(ASSIGNMENT) All that should come back is the lines of the data below from the one containing "Task: find each" to the one containing "- pumpkin <box>349,25,389,52</box>", inclusive, exactly as they stand.

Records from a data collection
──────

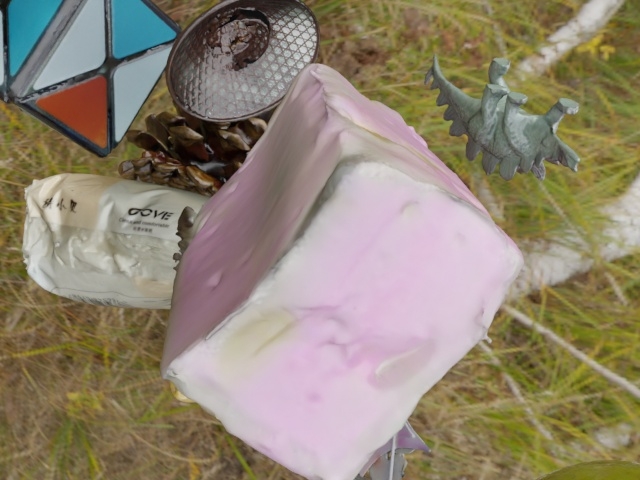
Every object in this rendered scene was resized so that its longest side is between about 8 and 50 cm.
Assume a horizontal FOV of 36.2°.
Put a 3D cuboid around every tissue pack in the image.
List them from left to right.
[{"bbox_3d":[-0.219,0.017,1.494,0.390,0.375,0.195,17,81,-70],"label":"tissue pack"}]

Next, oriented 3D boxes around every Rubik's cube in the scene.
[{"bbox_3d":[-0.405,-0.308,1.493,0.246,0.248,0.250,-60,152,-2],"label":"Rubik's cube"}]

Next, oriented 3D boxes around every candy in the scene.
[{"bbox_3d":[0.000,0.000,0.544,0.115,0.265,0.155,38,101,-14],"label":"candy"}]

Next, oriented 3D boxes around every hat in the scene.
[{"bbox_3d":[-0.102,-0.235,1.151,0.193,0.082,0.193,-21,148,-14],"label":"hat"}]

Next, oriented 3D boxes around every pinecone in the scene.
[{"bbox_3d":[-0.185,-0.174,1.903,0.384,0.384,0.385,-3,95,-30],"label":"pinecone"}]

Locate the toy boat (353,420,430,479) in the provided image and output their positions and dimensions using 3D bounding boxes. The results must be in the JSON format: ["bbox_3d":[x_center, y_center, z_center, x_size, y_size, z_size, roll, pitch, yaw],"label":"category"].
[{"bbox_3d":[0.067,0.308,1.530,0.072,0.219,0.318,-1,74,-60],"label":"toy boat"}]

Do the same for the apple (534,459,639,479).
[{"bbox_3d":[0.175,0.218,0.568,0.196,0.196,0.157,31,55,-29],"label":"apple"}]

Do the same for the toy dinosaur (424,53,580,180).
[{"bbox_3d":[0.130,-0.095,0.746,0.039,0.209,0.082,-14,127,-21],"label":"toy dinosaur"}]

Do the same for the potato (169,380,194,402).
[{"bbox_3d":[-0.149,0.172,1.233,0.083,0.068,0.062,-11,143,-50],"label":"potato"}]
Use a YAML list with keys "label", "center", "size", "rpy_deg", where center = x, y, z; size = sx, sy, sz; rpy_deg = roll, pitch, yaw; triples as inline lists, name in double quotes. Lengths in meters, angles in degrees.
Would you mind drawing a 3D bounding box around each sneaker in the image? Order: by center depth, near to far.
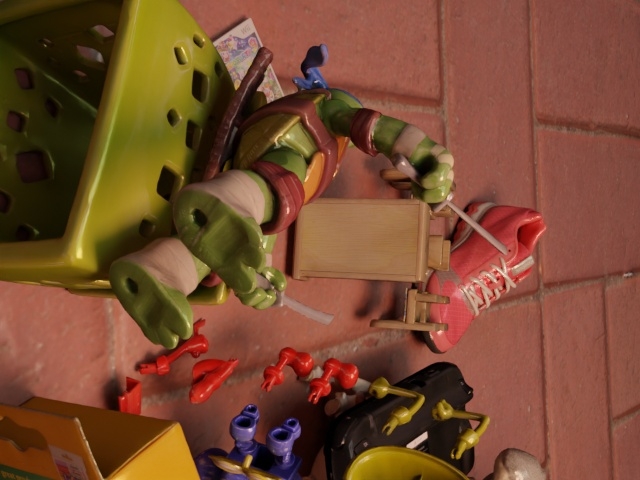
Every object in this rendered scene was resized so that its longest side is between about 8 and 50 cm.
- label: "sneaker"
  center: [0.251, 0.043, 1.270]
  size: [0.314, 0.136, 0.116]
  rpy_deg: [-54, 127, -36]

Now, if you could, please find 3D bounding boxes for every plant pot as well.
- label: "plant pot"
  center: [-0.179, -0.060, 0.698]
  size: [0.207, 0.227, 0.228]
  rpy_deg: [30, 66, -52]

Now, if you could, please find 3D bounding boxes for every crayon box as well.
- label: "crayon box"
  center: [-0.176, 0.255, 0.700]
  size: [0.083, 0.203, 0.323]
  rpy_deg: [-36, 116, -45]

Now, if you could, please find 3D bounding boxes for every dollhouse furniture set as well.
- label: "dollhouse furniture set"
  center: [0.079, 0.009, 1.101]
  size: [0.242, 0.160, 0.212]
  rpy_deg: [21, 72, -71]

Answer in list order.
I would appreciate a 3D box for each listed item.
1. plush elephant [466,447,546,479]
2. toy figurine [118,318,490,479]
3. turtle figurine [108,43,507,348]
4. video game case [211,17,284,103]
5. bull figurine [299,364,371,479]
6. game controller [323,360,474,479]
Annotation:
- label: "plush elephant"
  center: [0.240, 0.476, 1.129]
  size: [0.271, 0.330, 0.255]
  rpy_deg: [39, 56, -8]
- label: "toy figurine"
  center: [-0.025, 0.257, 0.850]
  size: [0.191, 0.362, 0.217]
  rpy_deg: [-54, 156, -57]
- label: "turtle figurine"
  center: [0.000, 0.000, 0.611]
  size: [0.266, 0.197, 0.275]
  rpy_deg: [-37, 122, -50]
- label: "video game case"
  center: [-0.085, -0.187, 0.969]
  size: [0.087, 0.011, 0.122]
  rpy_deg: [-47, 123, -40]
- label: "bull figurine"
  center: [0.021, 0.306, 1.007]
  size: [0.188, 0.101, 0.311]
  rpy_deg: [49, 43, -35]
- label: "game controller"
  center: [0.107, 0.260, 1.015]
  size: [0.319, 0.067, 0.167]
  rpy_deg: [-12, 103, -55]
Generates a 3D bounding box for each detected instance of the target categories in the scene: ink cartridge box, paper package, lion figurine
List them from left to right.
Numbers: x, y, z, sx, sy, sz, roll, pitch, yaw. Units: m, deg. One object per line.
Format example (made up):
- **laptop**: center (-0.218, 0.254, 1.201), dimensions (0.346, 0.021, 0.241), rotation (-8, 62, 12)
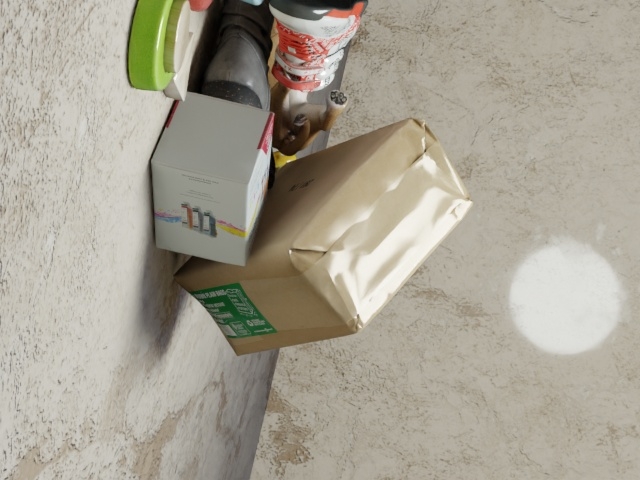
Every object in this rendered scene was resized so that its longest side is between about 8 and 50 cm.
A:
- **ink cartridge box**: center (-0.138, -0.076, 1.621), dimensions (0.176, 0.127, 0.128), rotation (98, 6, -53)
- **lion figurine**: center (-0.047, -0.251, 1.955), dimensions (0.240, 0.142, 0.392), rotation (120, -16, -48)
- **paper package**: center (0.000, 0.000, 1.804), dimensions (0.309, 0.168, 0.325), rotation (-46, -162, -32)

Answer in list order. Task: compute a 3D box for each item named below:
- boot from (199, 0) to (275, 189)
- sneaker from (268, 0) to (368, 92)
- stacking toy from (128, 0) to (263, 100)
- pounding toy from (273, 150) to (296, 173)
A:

──────

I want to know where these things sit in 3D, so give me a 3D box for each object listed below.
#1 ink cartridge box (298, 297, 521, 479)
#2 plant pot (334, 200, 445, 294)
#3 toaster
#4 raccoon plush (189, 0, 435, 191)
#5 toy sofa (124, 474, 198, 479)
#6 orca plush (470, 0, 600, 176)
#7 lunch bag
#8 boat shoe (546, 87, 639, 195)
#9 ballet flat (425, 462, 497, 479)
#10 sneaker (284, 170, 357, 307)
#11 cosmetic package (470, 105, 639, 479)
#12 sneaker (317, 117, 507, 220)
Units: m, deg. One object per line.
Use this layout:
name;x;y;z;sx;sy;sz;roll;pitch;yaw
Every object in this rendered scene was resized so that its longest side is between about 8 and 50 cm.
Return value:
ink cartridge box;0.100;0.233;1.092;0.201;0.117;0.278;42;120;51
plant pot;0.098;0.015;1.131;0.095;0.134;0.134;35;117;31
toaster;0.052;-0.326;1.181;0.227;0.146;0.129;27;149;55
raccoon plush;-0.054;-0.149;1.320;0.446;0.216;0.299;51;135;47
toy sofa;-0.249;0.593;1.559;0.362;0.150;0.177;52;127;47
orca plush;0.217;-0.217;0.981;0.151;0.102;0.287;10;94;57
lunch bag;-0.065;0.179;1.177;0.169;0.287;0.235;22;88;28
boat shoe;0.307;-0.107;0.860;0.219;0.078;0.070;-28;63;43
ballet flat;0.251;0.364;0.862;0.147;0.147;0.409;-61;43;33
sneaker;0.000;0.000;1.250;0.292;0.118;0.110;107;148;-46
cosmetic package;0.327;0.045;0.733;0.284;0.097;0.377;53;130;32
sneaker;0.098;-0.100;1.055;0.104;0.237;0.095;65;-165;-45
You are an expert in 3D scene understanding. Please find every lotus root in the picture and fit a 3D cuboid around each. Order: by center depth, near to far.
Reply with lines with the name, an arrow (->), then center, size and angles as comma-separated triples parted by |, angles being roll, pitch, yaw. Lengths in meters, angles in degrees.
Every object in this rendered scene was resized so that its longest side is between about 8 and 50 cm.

──────

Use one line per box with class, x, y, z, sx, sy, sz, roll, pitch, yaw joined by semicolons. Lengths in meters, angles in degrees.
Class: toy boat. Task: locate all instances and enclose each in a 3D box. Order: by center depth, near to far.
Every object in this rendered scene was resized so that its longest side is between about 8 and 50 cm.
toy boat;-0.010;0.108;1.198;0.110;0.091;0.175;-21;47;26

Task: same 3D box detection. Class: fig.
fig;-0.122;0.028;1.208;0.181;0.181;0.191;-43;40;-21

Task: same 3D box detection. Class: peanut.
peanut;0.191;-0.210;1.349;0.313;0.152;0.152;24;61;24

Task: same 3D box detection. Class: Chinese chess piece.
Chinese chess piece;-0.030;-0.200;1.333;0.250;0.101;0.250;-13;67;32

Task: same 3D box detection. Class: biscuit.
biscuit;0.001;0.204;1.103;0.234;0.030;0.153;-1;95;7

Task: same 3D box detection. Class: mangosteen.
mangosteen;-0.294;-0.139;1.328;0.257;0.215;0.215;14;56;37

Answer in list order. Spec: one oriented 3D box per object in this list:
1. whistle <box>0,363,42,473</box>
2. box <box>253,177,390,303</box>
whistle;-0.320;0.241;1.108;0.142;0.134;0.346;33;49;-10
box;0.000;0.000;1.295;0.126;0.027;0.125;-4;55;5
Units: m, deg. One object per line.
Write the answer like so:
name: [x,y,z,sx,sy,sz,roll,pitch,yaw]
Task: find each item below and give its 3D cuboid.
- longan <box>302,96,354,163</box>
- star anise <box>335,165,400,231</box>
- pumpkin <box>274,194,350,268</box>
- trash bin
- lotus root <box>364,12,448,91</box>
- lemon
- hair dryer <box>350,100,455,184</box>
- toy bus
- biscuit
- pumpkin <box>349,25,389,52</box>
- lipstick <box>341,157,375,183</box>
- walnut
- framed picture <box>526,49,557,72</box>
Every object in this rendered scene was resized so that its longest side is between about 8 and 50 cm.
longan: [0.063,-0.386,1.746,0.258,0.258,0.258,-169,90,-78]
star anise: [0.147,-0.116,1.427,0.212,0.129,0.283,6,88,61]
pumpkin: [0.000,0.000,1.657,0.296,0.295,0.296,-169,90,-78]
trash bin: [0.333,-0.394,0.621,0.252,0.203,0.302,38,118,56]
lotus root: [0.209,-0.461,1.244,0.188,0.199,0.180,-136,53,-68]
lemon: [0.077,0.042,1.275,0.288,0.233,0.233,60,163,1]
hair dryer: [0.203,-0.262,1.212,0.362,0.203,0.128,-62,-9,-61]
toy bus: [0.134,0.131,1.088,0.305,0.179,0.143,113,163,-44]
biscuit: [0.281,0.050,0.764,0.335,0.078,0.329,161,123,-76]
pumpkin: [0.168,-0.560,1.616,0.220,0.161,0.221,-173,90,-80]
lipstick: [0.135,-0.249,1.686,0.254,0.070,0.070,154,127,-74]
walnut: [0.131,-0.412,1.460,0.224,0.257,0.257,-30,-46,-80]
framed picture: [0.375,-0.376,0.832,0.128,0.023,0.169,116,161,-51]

──────

(REPLY)
Task: find each item below and give its 3D cuboid.
- longan <box>302,96,354,163</box>
- star anise <box>335,165,400,231</box>
- pumpkin <box>274,194,350,268</box>
- trash bin
- lotus root <box>364,12,448,91</box>
- lemon
- hair dryer <box>350,100,455,184</box>
- toy bus
- biscuit
- pumpkin <box>349,25,389,52</box>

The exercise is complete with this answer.